Saved data entries
Content starts

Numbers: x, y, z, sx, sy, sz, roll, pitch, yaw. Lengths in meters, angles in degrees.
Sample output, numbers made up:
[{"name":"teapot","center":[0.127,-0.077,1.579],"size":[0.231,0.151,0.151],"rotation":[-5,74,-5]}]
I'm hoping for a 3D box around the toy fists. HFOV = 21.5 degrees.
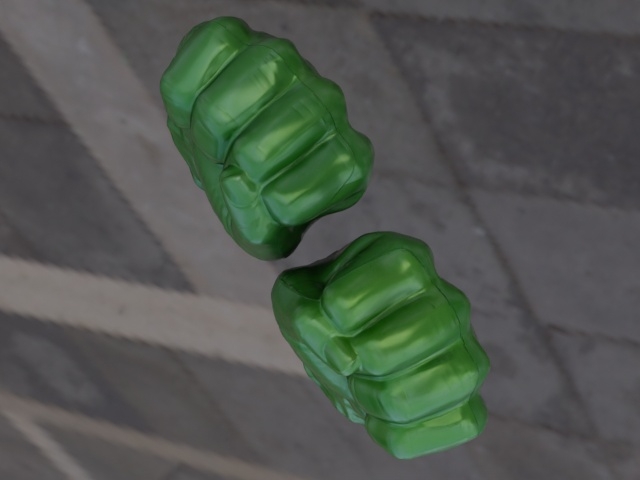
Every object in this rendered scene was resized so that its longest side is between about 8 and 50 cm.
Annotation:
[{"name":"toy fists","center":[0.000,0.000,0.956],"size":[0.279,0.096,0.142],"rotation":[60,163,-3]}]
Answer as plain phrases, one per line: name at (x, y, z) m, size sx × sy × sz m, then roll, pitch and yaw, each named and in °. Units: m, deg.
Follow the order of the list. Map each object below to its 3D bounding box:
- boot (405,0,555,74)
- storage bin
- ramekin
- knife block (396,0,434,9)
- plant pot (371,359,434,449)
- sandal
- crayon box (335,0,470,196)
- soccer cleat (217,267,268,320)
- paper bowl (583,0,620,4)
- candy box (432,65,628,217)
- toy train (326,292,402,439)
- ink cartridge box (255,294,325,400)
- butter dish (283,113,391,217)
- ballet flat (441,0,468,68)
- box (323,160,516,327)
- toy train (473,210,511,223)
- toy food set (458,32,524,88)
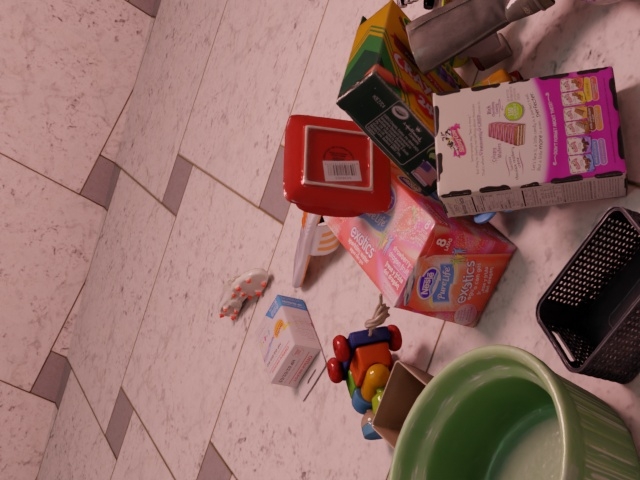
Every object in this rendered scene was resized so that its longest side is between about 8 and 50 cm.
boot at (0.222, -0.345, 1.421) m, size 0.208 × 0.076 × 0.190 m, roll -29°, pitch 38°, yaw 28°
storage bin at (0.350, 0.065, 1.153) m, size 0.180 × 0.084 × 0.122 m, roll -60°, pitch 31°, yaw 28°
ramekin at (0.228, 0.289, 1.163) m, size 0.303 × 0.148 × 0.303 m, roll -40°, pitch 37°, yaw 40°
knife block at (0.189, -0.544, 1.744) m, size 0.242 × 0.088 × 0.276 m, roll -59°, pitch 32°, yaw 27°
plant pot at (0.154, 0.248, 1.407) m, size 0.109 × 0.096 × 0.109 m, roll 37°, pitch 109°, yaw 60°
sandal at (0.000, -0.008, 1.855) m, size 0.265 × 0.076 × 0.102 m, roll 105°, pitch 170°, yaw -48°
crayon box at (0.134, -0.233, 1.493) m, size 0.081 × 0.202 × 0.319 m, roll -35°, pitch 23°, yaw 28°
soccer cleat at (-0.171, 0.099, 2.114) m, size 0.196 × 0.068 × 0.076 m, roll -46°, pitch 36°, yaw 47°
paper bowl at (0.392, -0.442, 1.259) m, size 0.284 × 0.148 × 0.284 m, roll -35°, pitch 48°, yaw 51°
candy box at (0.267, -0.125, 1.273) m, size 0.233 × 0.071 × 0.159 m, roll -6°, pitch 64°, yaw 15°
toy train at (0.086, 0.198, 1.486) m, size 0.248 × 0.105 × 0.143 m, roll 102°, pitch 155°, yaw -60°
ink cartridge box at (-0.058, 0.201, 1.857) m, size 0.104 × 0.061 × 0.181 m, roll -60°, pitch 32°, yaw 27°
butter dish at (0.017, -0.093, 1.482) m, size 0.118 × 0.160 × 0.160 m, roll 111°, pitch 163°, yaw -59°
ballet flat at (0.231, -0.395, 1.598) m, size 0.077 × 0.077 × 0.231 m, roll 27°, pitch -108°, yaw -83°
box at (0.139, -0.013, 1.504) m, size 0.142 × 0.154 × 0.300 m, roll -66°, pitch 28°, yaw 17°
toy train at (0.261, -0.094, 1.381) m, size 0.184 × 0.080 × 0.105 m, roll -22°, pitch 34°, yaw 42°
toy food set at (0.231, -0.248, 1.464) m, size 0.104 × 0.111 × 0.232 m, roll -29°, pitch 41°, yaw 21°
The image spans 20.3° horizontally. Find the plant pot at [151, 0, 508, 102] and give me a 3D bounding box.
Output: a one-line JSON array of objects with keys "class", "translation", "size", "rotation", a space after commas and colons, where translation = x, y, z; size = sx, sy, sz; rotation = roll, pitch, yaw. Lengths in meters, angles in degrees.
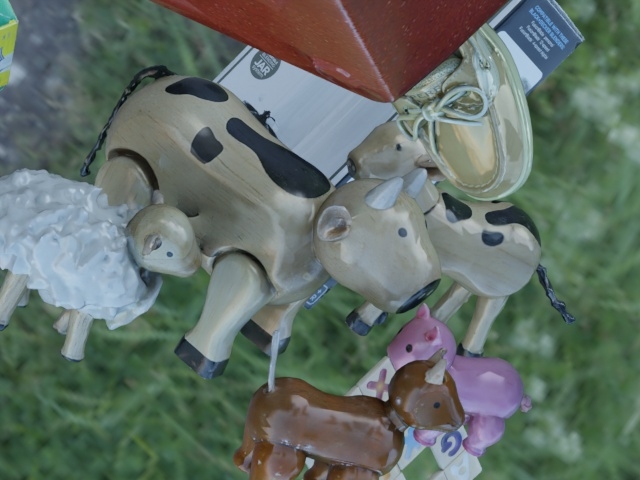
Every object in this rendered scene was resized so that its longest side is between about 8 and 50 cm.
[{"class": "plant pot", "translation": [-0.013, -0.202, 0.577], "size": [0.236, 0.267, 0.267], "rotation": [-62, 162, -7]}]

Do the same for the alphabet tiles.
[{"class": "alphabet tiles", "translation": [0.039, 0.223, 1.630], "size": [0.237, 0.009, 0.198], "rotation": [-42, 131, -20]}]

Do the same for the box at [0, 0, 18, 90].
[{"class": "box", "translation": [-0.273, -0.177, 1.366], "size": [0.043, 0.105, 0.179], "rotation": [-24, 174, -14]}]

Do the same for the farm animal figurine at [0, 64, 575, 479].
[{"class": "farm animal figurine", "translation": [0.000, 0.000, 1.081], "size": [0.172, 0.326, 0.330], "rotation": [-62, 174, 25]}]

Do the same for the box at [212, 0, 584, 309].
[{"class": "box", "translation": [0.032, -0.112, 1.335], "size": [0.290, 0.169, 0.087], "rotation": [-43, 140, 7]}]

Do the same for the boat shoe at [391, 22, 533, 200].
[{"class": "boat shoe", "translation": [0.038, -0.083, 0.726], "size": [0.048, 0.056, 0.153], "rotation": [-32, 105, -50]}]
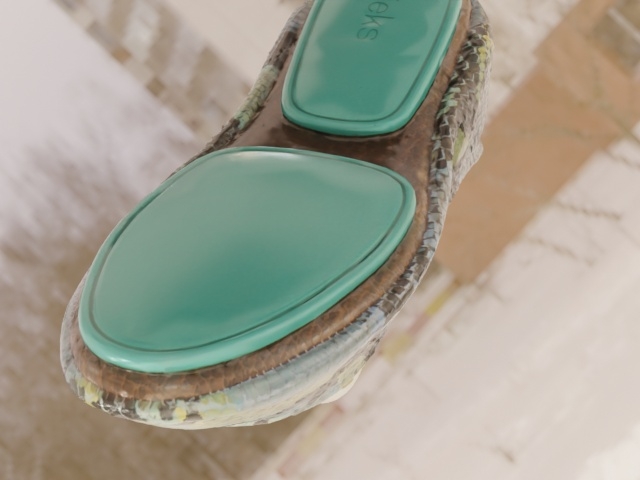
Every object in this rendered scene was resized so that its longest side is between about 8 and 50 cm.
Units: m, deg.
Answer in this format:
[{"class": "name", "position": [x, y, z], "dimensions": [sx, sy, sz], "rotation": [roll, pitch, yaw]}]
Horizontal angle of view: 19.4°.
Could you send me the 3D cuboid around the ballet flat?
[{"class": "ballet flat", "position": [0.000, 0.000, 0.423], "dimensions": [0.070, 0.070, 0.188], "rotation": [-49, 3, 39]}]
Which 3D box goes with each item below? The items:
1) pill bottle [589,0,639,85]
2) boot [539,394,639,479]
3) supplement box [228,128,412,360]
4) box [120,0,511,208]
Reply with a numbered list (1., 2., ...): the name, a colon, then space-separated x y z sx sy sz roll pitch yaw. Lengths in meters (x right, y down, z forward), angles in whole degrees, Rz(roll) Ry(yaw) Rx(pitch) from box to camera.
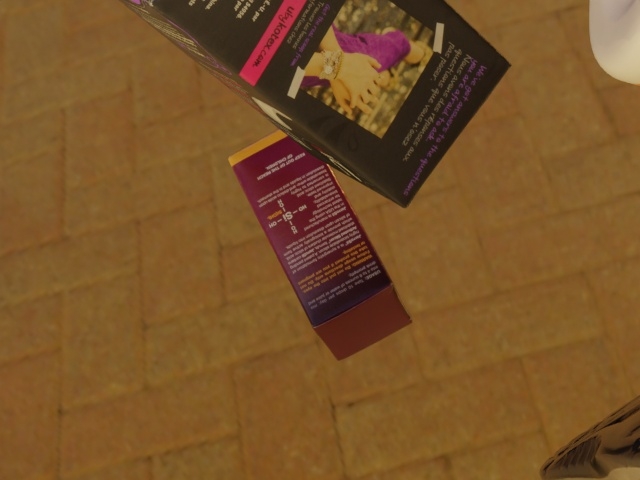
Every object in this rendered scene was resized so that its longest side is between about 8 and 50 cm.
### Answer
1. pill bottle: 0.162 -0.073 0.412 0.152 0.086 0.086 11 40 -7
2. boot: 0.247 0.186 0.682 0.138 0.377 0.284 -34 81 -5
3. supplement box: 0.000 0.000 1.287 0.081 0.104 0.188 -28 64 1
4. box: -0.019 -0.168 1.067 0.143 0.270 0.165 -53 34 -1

Content ends
Content starts

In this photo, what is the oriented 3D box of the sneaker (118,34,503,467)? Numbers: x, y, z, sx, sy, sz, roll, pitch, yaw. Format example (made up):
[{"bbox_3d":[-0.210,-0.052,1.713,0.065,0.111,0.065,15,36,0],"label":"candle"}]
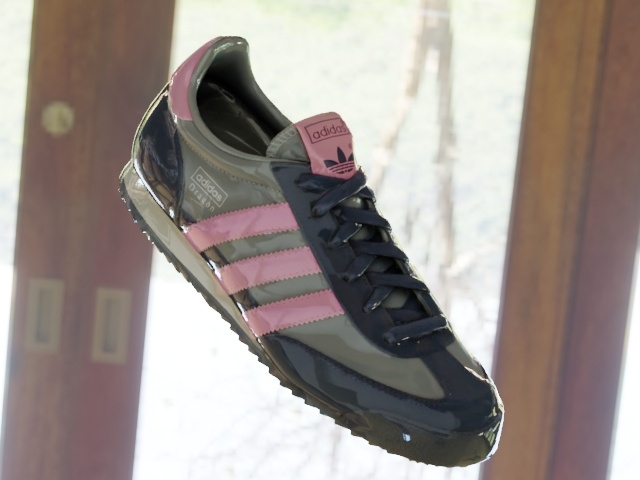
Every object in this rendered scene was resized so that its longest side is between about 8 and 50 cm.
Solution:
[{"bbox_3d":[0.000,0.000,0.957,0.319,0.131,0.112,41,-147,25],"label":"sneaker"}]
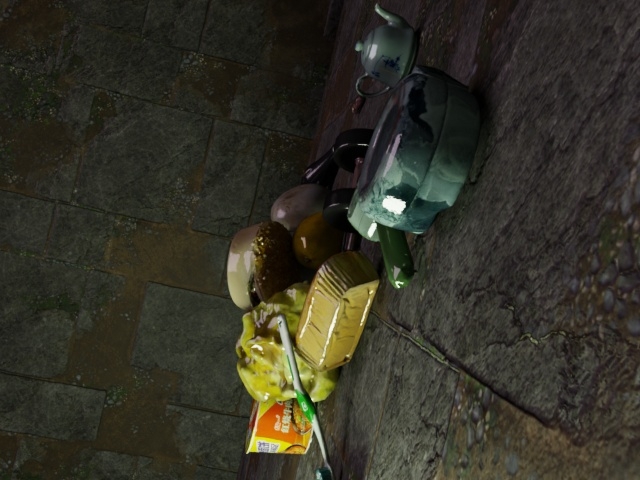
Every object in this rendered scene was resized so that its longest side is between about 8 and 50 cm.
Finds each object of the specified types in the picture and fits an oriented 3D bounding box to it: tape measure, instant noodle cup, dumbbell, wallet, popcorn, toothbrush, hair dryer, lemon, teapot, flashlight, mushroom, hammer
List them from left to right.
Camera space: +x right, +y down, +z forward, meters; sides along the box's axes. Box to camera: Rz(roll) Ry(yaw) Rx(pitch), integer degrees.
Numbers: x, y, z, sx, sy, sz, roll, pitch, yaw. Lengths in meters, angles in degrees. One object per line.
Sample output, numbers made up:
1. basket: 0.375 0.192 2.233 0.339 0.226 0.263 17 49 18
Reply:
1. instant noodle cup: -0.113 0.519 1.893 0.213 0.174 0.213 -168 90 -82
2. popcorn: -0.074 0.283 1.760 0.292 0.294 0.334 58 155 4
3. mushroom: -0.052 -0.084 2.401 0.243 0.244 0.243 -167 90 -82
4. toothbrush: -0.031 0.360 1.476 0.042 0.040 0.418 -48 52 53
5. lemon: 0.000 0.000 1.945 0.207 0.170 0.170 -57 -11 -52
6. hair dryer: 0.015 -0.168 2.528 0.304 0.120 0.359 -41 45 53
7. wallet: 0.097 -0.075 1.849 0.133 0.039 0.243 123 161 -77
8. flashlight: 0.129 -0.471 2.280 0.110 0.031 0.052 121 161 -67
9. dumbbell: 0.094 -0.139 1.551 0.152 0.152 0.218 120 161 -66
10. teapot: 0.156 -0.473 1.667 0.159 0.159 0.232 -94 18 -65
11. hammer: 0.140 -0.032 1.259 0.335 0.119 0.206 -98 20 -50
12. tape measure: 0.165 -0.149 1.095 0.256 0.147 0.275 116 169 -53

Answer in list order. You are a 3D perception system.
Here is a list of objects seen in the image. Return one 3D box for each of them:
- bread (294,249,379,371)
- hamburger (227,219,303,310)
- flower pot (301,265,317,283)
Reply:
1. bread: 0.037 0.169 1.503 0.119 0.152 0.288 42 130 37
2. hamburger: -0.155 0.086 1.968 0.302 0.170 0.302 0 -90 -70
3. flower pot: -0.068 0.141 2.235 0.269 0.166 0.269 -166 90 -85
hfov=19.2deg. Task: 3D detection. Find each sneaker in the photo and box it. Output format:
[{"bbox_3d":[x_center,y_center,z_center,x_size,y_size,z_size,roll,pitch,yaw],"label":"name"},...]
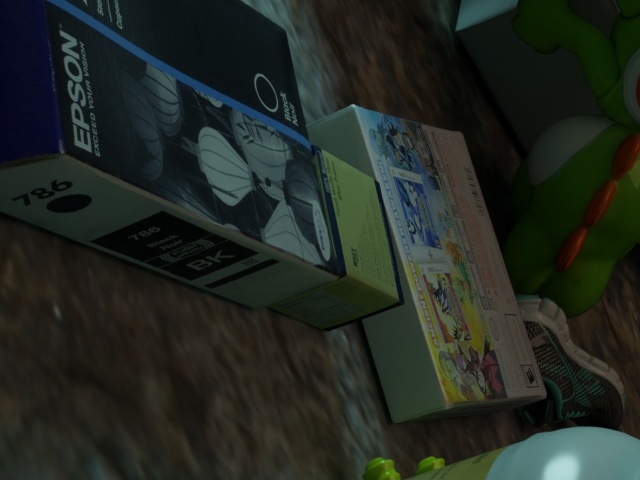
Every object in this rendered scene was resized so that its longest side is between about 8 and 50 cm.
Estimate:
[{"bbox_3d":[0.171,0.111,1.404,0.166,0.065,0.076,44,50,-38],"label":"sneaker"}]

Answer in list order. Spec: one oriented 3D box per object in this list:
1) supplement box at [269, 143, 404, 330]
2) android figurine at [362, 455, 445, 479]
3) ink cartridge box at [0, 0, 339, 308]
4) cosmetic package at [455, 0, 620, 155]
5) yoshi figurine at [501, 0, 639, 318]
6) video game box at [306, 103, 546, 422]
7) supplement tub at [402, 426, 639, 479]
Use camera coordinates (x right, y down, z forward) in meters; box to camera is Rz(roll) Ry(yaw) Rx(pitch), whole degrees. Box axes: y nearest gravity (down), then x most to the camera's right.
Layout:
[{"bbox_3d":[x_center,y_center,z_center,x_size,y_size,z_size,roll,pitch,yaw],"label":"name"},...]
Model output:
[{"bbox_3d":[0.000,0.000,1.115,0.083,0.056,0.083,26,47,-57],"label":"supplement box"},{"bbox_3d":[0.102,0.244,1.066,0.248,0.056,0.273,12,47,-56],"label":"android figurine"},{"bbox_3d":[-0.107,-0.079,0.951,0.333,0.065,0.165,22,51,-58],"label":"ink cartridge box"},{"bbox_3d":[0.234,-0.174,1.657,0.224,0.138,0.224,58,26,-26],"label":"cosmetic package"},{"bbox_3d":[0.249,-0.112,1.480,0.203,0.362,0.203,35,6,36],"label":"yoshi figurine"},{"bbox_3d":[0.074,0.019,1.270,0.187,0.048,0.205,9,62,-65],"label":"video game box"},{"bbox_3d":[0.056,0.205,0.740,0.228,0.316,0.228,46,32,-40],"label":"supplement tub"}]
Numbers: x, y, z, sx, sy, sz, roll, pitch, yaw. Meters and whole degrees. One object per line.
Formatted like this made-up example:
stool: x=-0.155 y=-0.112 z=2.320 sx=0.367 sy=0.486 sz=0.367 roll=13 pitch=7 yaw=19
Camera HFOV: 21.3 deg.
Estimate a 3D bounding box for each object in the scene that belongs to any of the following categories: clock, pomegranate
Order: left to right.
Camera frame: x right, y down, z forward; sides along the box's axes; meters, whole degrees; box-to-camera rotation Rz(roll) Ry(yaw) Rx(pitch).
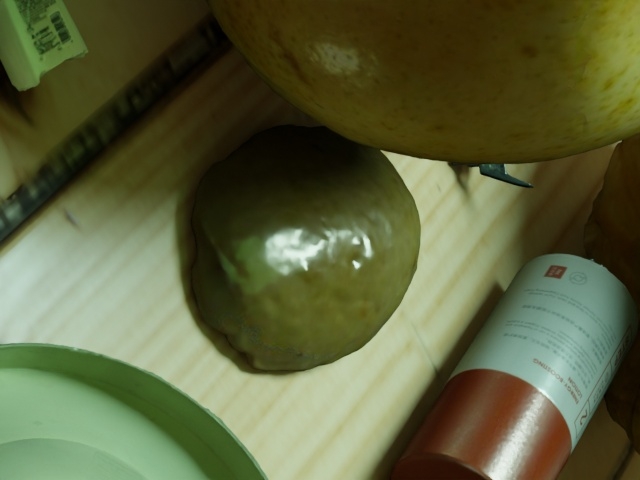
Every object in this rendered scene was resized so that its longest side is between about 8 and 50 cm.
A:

Content ends
Content starts

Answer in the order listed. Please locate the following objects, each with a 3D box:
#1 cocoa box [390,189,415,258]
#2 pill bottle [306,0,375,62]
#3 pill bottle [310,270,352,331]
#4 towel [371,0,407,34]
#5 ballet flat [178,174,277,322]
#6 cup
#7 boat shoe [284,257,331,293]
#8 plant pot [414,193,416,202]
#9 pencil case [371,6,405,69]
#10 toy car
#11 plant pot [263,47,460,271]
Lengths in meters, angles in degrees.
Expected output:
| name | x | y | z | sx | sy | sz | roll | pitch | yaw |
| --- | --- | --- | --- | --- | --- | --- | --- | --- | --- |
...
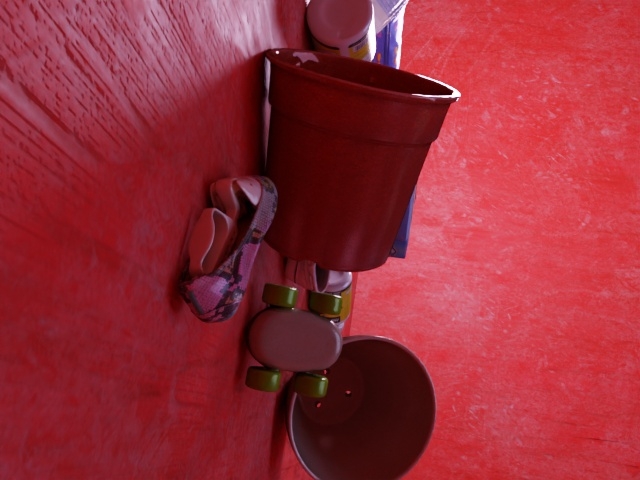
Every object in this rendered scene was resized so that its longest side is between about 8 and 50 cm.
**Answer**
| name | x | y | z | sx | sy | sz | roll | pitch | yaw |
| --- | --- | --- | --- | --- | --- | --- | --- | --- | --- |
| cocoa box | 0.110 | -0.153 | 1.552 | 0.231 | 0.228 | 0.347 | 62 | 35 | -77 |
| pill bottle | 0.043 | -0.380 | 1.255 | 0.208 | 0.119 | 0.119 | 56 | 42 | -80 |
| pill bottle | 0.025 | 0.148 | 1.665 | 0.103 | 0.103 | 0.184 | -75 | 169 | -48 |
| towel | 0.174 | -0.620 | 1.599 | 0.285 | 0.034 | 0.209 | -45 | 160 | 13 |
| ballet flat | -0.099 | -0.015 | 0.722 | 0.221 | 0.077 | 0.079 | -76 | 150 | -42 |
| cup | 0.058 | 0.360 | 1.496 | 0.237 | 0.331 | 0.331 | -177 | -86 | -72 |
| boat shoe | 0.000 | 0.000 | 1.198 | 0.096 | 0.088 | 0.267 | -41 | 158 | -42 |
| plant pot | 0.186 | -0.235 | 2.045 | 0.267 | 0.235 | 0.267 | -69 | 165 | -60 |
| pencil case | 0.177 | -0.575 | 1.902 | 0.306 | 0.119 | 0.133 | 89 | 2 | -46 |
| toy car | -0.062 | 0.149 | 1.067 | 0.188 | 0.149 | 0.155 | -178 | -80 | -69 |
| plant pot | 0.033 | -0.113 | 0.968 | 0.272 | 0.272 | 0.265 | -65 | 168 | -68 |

Content ends

> Assignment: Reproduce exactly the lines above from the line with "- butter dish (283,113,391,217)" to the line with "- toy food set (458,32,524,88)", including both, and add nothing.

> Task solution:
- butter dish (283,113,391,217)
- ballet flat (441,0,468,68)
- box (323,160,516,327)
- toy train (473,210,511,223)
- toy food set (458,32,524,88)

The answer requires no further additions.